Understanding Data Export
You can export data from Cloud storage and Hive tables to relational databases such as MySQL, Postgres, Vertica and others. QDS uses Sqoop to export data.
Export Data
Create a Data Store if you haven’t already done so.
Navigate to the Analyze page and choose Data Export from the drop-down menu at the top of the right pane.
Select your data store, and choose the export mode, export directory, and other options. More details below.
Choose Run from the menu bar at the top right of the page.
Details
Export Modes:
Directory Export: Specify which Cloud storage directory to export to the data store destination. Note that this is a non recursive export. You can specify the Field Delimiter (default is ^A).
Hive Table Export: Specify which Hive table to export to the data store destination. QDS supports exporting all Hive table formats: text serde, ORC (Optimized Row Columnar File), and RC (Record Columnar File).
If the Hive table has no partitions, all the data in the Hive table is exported.
If the Hive table has partitions, specify a value for each partition in the Hive Partition Spec field. Example: If the Hive table has partitions
date
andcountry
with values2012-01-01
andUSA
respectively, the partition spec must be:date=2012-01-01/country=USA
. You will see an error message if you only specifydate=2012-01-01
orcountry=USA
.
Database Insertion Modes
QDS supports append and update modes for all the supported databases as well as upsert mode for MySQL. In update mode, you must also specify the update keys as they are used by the update query.
Using Redshift with AWS S3
For Redshift data stores, use the Copy
command (as recommended by AWS) to export data from S3 to Redshift.
This does not work if the Redshift Database and S3 location are in different regions. Qubole automatically falls back to normal
insert queries if the Copy
command fails, but this can be significantly slower. Under these circumstances
Hive Table Export will fail because it is not possible to export the partition columns via Copy
since they
are not part of the data, and fallback to insert-based exports fails because of the schema mismatch.
Note
In case of an IAM-Roles-based account, attach the same Role ARN to the Redshift instance that has been granted to Qubole.
Extending the Data Export Command
QDS allows you to build more complex systems on top of the existing functionality. You can export custom columns, custom serdes, or multiple partitions. Let us take an AWS example in which you want to export only a few columns from a Hive table, or you want to export many partitions in single command:
Select a Workflow in the Compose Tab on the Analyze page.

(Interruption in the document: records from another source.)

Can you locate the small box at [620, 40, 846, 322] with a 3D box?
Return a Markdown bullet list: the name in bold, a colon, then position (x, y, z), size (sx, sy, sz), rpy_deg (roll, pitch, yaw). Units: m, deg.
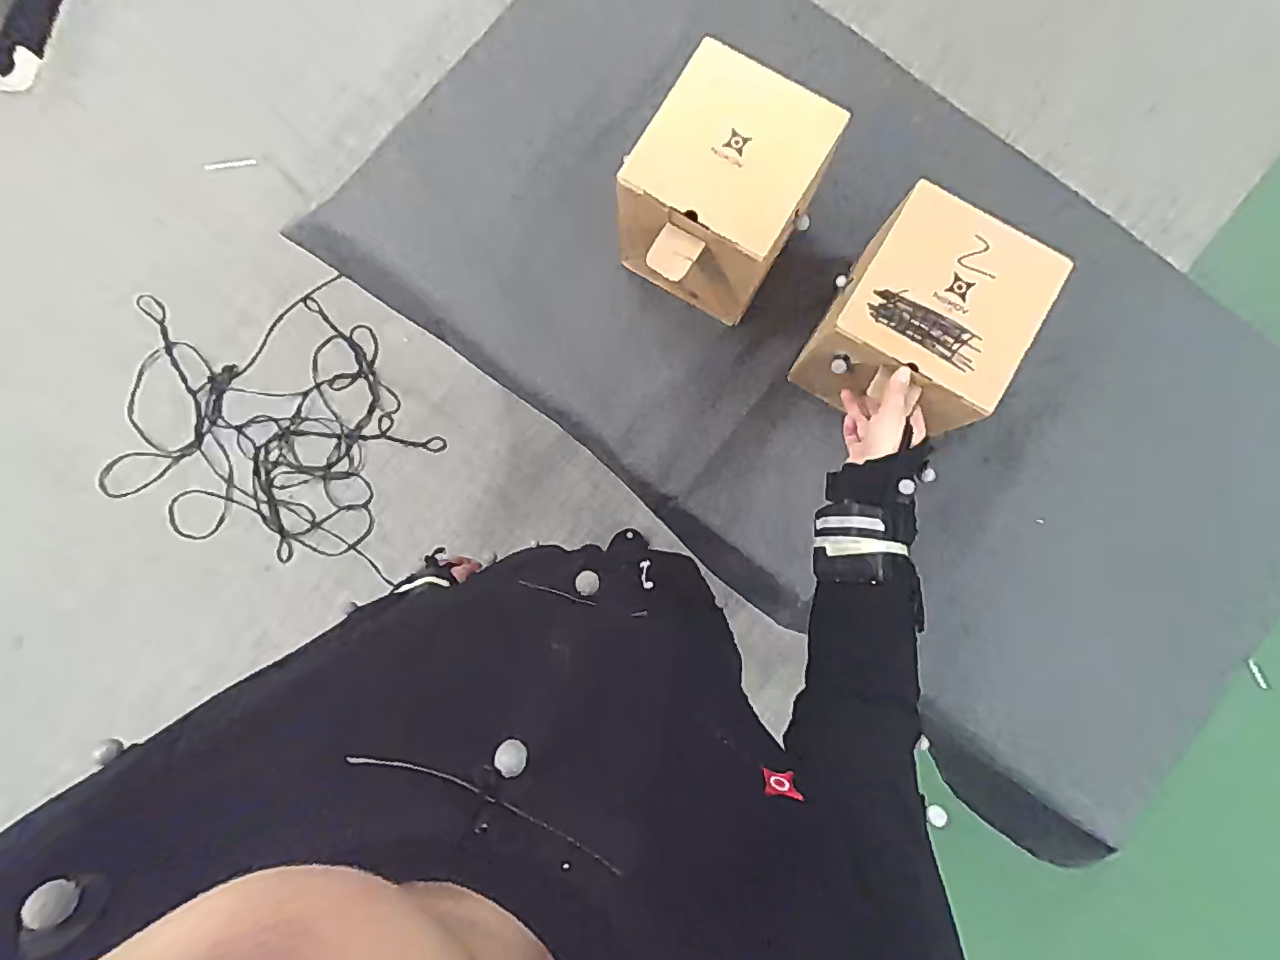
- **small box**: position (0.089, -0.312, 0.600), size (0.168, 0.176, 0.179), rpy_deg (30, 85, 3)
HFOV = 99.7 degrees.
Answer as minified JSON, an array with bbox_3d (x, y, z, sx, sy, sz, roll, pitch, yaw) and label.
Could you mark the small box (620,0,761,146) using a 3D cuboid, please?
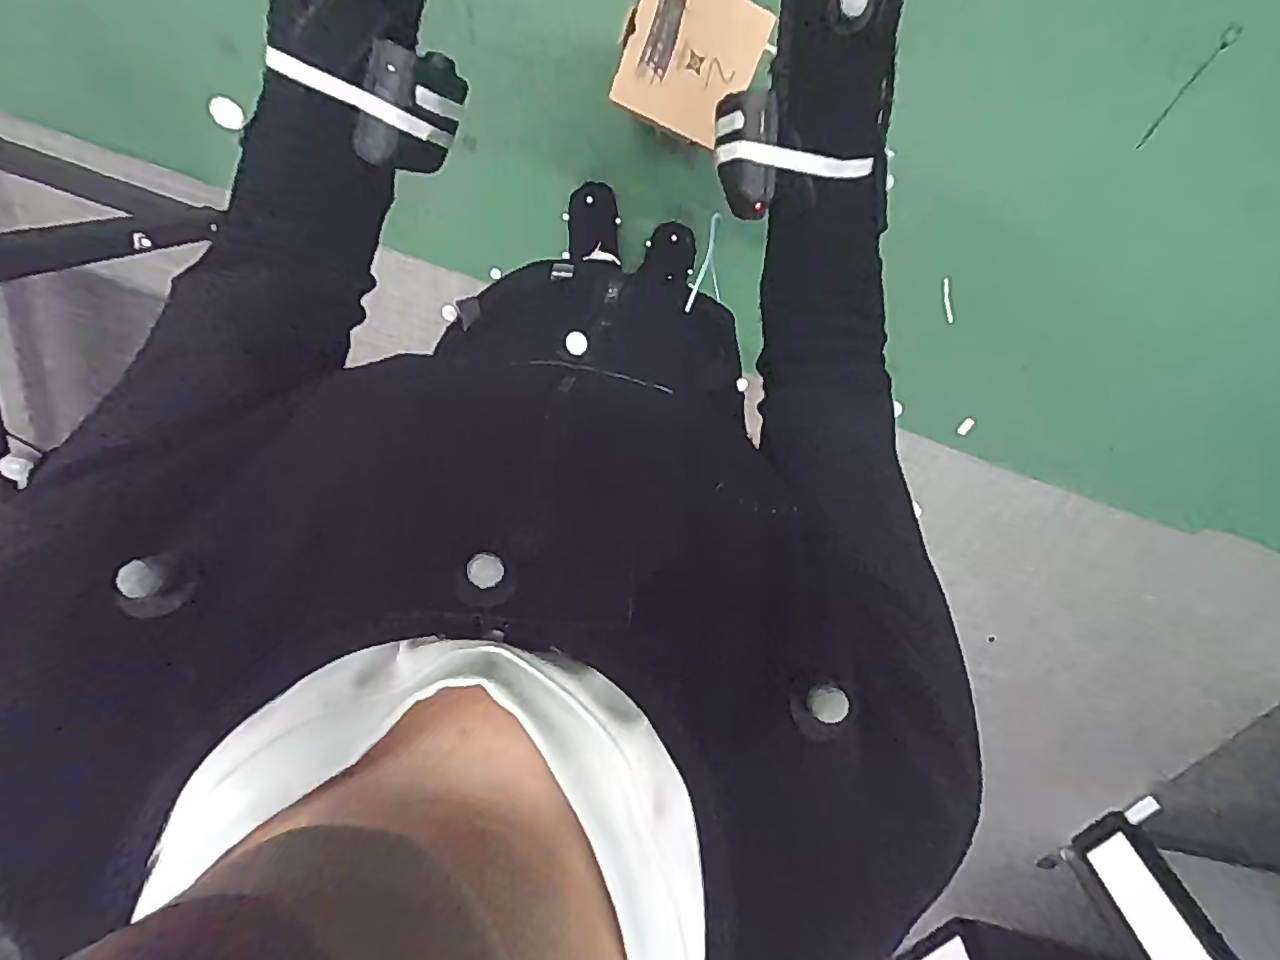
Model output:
[{"bbox_3d":[0.078,-0.695,0.919,0.179,0.176,0.168,20,120,-11],"label":"small box"}]
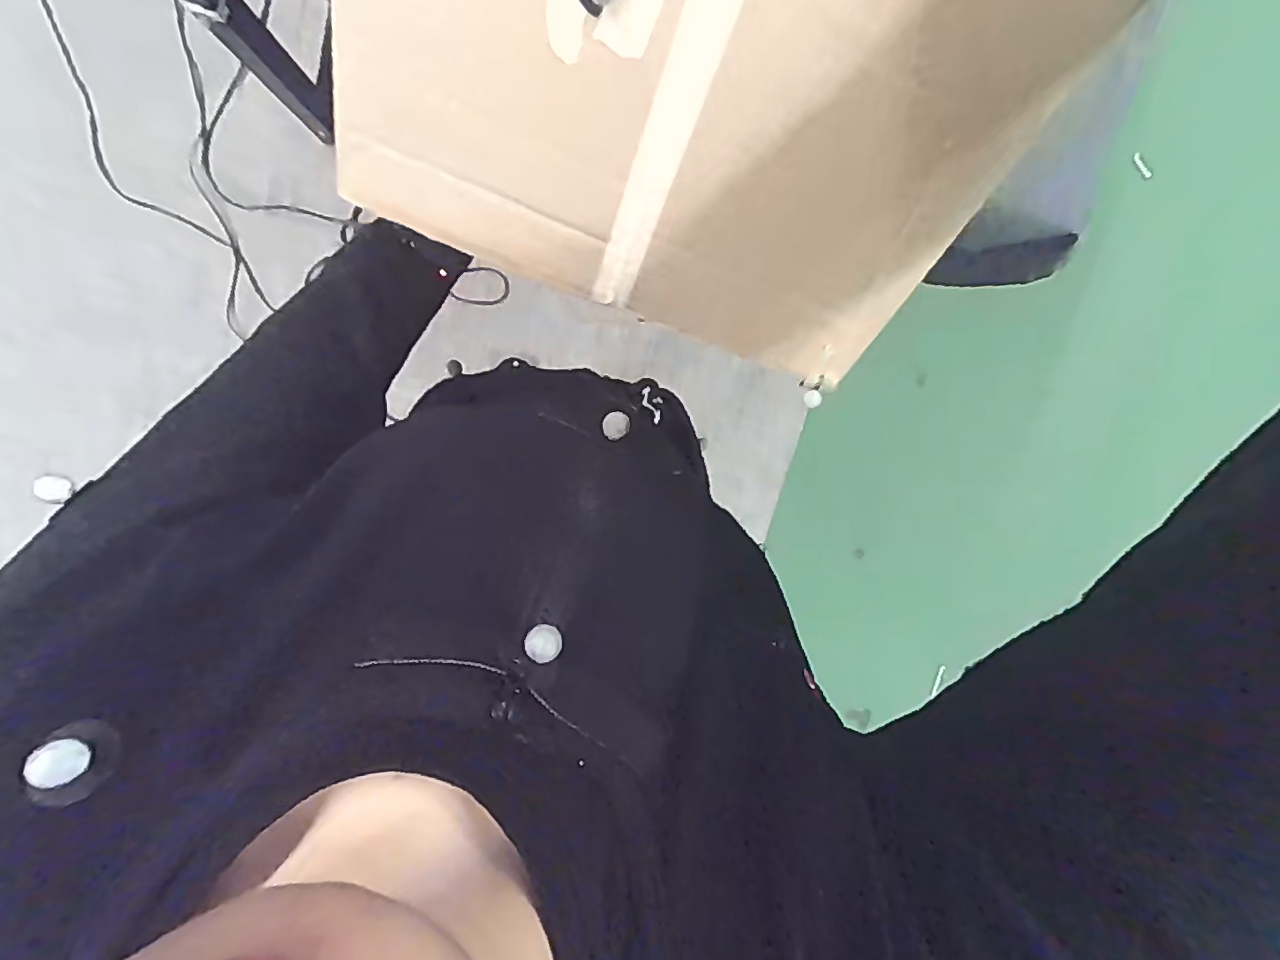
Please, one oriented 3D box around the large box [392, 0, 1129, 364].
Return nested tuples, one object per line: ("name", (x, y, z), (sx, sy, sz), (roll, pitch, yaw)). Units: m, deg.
("large box", (0.076, -0.353, 0.306), (0.320, 0.320, 0.408), (18, 136, -10))
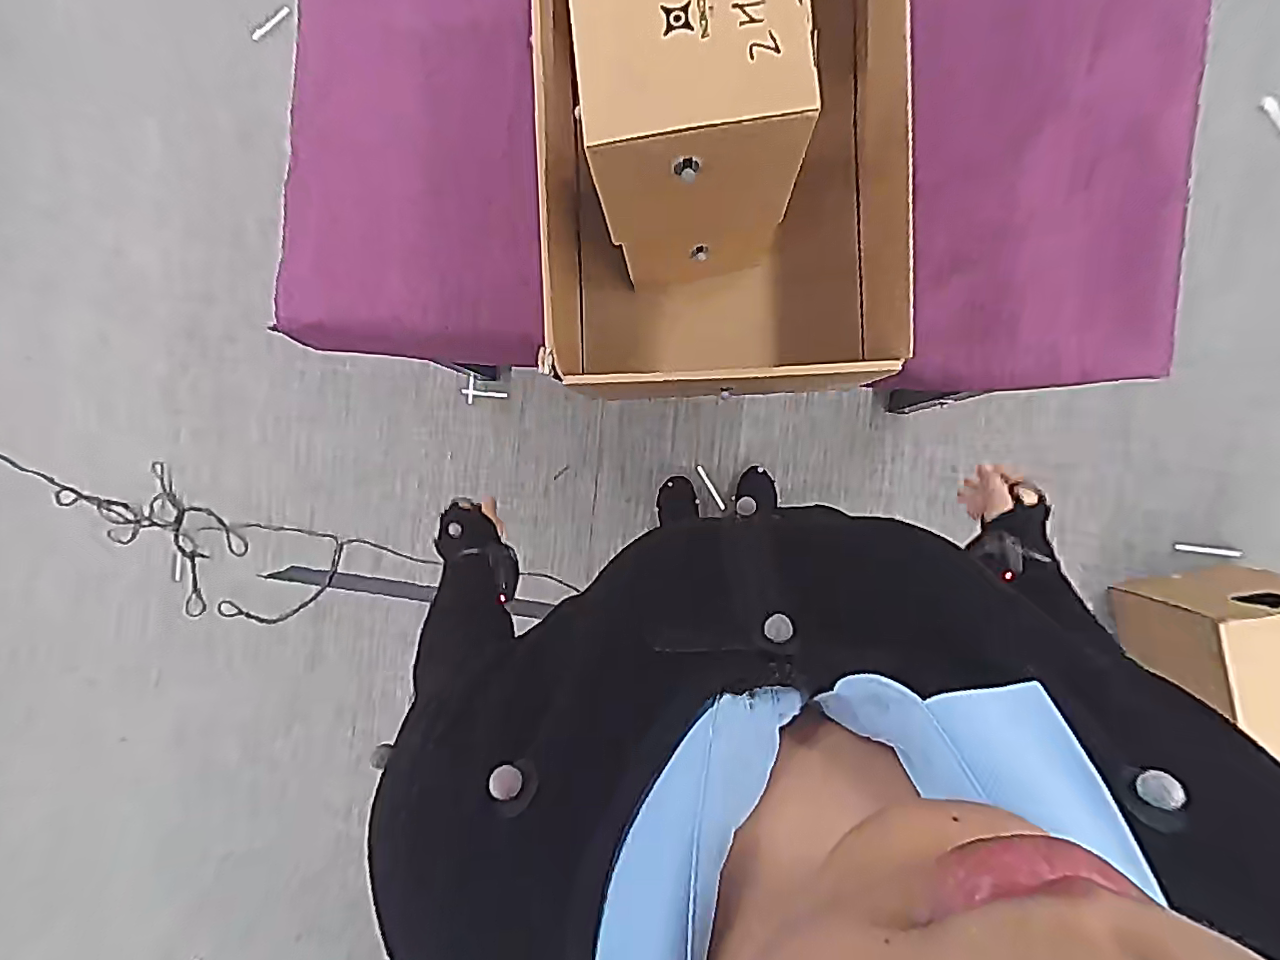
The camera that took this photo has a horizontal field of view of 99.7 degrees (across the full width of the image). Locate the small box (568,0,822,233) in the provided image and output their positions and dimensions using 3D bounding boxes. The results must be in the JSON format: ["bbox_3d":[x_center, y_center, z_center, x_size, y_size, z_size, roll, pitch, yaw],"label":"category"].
[{"bbox_3d":[0.043,-0.336,0.468,0.179,0.176,0.168,-6,89,4],"label":"small box"}]

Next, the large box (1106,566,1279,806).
[{"bbox_3d":[1.382,0.445,1.243,0.320,0.320,0.408,-13,90,5],"label":"large box"}]

Select Hive command as the first sub-command of the workflow. Write the custom Hive query whose result you want to export. You can write this query either as insert overwrite directory s3://… or as create table as …
Select Data Export as the second sub-command of the Workflow. Use Hive Table Export or Directory export depending on whether you used create table or insert overwrite directory in the previous step.
Optionally select Hive command as the last sub-command of the Workflow to cleanup S3 using a drop table command.